**THE TASK:** Copy each line below holding "dimscale".

[Collection entries]
• • • • •

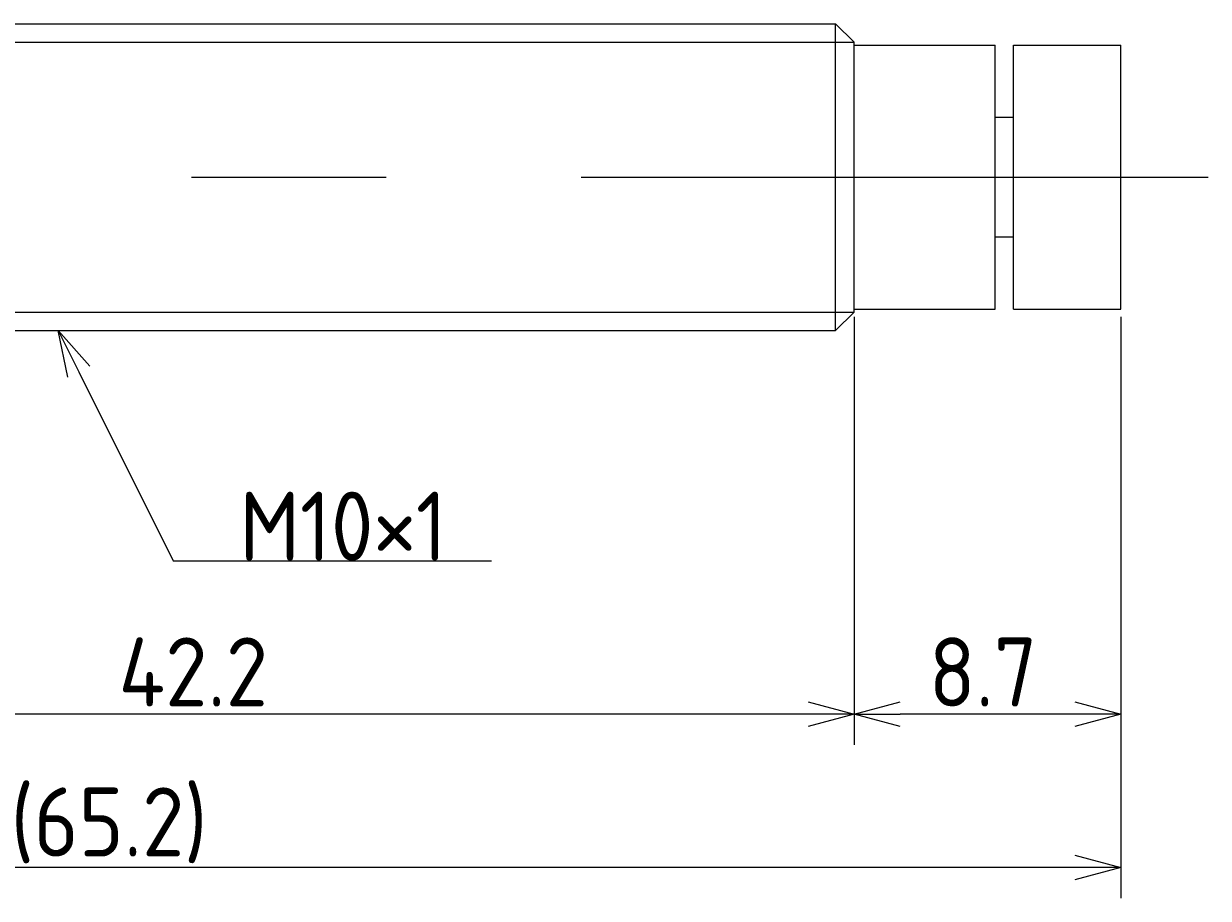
# Model space of a CAD drawing. Extents: x 148 to 291, y 144 to 179.
# Tile 4 of 4: x 253 to 291, y 144 to 172. Entities that reach past the tile are written whole.
import ezdxf

# ---------------------------------------------------------------- set-up
doc = ezdxf.new("R2010")
doc.units = 0
doc.linetypes.add('CENTER', pattern=[50.8, 31.75, -6.35, 6.35, -6.35])
doc.layers.get('0').update_dxf_attribs({"linetype": 'CONTINUOUS'})
doc.layers.get('DEFPOINTS').update_dxf_attribs({"linetype": 'CONTINUOUS'})
for name, color, linetype in [('図形', 7, 'CONTINUOUS'), ('図枠', 7, 'CONTINUOUS'), ('寸法_文字', 3, 'CONTINUOUS')]:
    doc.layers.add(name, color=color, linetype=linetype)
doc.layers.get('0').off()
doc.styles.add('DIMENSION', font='isocp.shx', dxfattribs={"bigfont": 'bigfont.shx'})
doc.dimstyles.get("Standard").update_dxf_attribs({"dimtxt": 0.18, "dimasz": 0.18, "dimexe": 0.18, "dimexo": 0.0625, "dimgap": 0.09, "dimtad": 0, "dimtih": 1, "dimtoh": 1, "dimzin": 0, "dimcen": 0.09, "dimazin": 3, "dimtfac": 1, "dimtofl": 0, "dimtmove": 0, "dimatfit": 3})

# ---------------------------------------------------------------- blocks, each defined once
blk = doc.blocks.new('_OPEN30')
at = {"color": 0, "linetype": 'BYBLOCK'}
for p, q in [((-1, 0.268), (0, 0)), ((0, 0), (-1, -0.268)), ((0, 0), (-1, 0))]:
    blk.add_line(p, q, dxfattribs=at)
blk = doc.blocks.new('*U14')
at = {"layer": '寸法_文字', "color": 3, "style": 'DIMENSION'}
blk.add_text('8.7', height=2.25, dxfattribs=at).set_placement((282.1375, 150.25))
blk = doc.blocks.new('*D13')
at = {"layer": 'DEFPOINTS', "color": 0}
for p in [(279.7, 163.1), (288.4, 163.2), (279.7, 150)]:
    blk.add_point(p, dxfattribs=at)
at = {"layer": '寸法_文字', "color": 3}
for p, q in [((279.7, 162.85), (279.7, 149)), ((288.4, 162.95), (288.4, 149)), ((286.9, 150), (281.2, 150))]:
    blk.add_line(p, q, dxfattribs=at)
at = {"layer": '図枠'}
blk.add_blockref('*U14', (0, 0), dxfattribs=at)
at = {"layer": '寸法_文字', "color": 3, "xscale": 1.5, "yscale": 1.5, "zscale": 1.5, "rotation": 180}
blk.add_blockref('_OPEN30', (279.7, 150), dxfattribs=at)
at = {"layer": '寸法_文字', "color": 3, "xscale": 1.5, "yscale": 1.5, "zscale": 1.5}
blk.add_blockref('_OPEN30', (288.4, 150), dxfattribs=at)
blk = doc.blocks.new('*U16')
at = {"layer": '寸法_文字', "color": 3, "style": 'DIMENSION'}
blk.add_text('42.2', height=2.25, dxfattribs=at).set_placement((255.72, 150.25))
blk = doc.blocks.new('*D15')
at = {"layer": 'DEFPOINTS', "color": 0}
for p in [(237.5, 163.6), (279.7, 163.2), (237.5, 150)]:
    blk.add_point(p, dxfattribs=at)
at = {"layer": '寸法_文字', "color": 3}
for p, q in [((237.5, 163.35), (237.5, 149)), ((279.7, 162.95), (279.7, 149)), ((278.2, 150), (239, 150))]:
    blk.add_line(p, q, dxfattribs=at)
at = {"layer": '図枠'}
blk.add_blockref('*U16', (0, 0), dxfattribs=at)
at = {"layer": '寸法_文字', "color": 3, "xscale": 1.5, "yscale": 1.5, "zscale": 1.5, "rotation": 180}
blk.add_blockref('_OPEN30', (237.5, 150), dxfattribs=at)
at = {"layer": '寸法_文字', "color": 3, "xscale": 1.5, "yscale": 1.5, "zscale": 1.5}
blk.add_blockref('_OPEN30', (279.7, 150), dxfattribs=at)
blk = doc.blocks.new('*U22')
at = {"layer": '寸法_文字', "color": 3, "style": 'DIMENSION'}
blk.add_text('(65.2)', height=2.25, dxfattribs=at).set_placement((252.2, 145.3625))
blk = doc.blocks.new('*D21')
at = {"layer": 'DEFPOINTS', "color": 0}
for p in [(223.2, 164.5), (288.4, 163.2), (223.2, 145)]:
    blk.add_point(p, dxfattribs=at)
at = {"layer": '寸法_文字', "color": 3}
for p, q in [((223.2, 164.25), (223.2, 144)), ((288.4, 162.95), (288.4, 144)), ((286.9, 145), (224.7, 145))]:
    blk.add_line(p, q, dxfattribs=at)
at = {"layer": '図枠'}
blk.add_blockref('*U22', (0, 0), dxfattribs=at)
at = {"layer": '寸法_文字', "color": 3, "xscale": 1.5, "yscale": 1.5, "zscale": 1.5, "rotation": 180}
blk.add_blockref('_OPEN30', (223.2, 145), dxfattribs=at)
at = {"layer": '寸法_文字', "color": 3, "xscale": 1.5, "yscale": 1.5, "zscale": 1.5}
blk.add_blockref('_OPEN30', (288.4, 145), dxfattribs=at)
blk = doc.blocks.new('*U28')
at = {"layer": '寸法_文字'}
blk.add_lwpolyline([(254.421, 161.158), (257.5, 155), (260, 155), (267.875, 155)], dxfattribs=at)
at = {"layer": '寸法_文字', "xscale": 1.5, "yscale": 1.5, "zscale": 1.5, "rotation": 116.565051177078}
blk.add_blockref('_OPEN30', (253.75, 162.5), dxfattribs=at)
blk = doc.blocks.new('*U29')
at = {"layer": '寸法_文字', "style": 'DIMENSION'}
blk.add_text('M10×1', height=2.25, dxfattribs=at).set_placement((259.6625, 155))

msp = doc.modelspace()

# ---------------------------------------------------------------- linework, layer by layer
at = {"layer": '図形'}
for p, q in [((239.604, 172.5), (279.1, 172.5)), ((279.1, 162.5), (279.1, 172.5)), ((279.7, 171.9), (279.1, 172.5)), ((279.7, 163.1), (279.7, 171.9)), ((279.7, 171.8), (284.3, 171.8)), ((284.3, 163.2), (284.3, 171.8)), ((284.9, 171.8), (288.4, 171.8)), ((284.9, 163.2), (284.9, 171.8)), ((288.4, 163.2), (288.4, 171.8)), ((284.3, 169.45), (284.9, 169.45)), ((284.3, 165.55), (284.9, 165.55)), ((279.7, 163.1), (279.1, 162.5)), ((279.7, 163.2), (284.3, 163.2)), ((284.9, 163.2), (288.4, 163.2)), ((239.6, 162.5), (279.1, 162.5))]:
    msp.add_line(p, q, dxfattribs=at)
at = {"layer": '図形', "color": 3}
for p, q in [((239, 171.9), (279.7, 171.9)), ((239, 163.1), (279.7, 163.1))]:
    msp.add_line(p, q, dxfattribs=at)
at = {"layer": '図形', "color": 3, "linetype": 'CENTER'}
msp.add_line((220, 167.5), (291.25, 167.5), dxfattribs=at)

# ---------------------------------------------------------------- block references
at = {"layer": '寸法_文字'}
for name in ['*U28', '*U29']:
    msp.add_blockref(name, (0, 0), dxfattribs=at)

# ---------------------------------------------------------------- dimensions: what is measured, and where the dimension line sits
dim = msp.add_linear_dim(base=(223.2, 145), p1=(288.4, 163.2), p2=(223.2, 164.5), text='(<>)', dimstyle='Standard', override={"dimscale": 0.5}, dxfattribs=at)
dim.commit()
dim.dimension.update_dxf_attribs({"geometry": '*D21', "text_midpoint": (255.8, 145), "dimtype": 128})
for base, p1, p2, picture, middle in [((237.5, 150), (279.7, 163.2), (237.5, 163.6), '*D15', (258.6, 150)), ((279.7, 150), (288.4, 163.2), (279.7, 163.1), '*D13', (284.05, 150))]:
    dim = msp.add_linear_dim(base=base, p1=p1, p2=p2, dimstyle='Standard', override={"dimscale": 0.5}, dxfattribs=at)
    dim.commit()
    dim.dimension.update_dxf_attribs({"geometry": picture, "text_midpoint": middle, "dimtype": 128})

doc.saveas('drawing.dxf')

• • • • •

**FINAL ANSWER:**
dim = msp.add_linear_dim(base=(223.2, 145), p1=(288.4, 163.2), p2=(223.2, 164.5), text='(<>)', dimstyle='Standard', override={"dimscale": 0.5}, dxfattribs=at)
    dim = msp.add_linear_dim(base=base, p1=p1, p2=p2, dimstyle='Standard', override={"dimscale": 0.5}, dxfattribs=at)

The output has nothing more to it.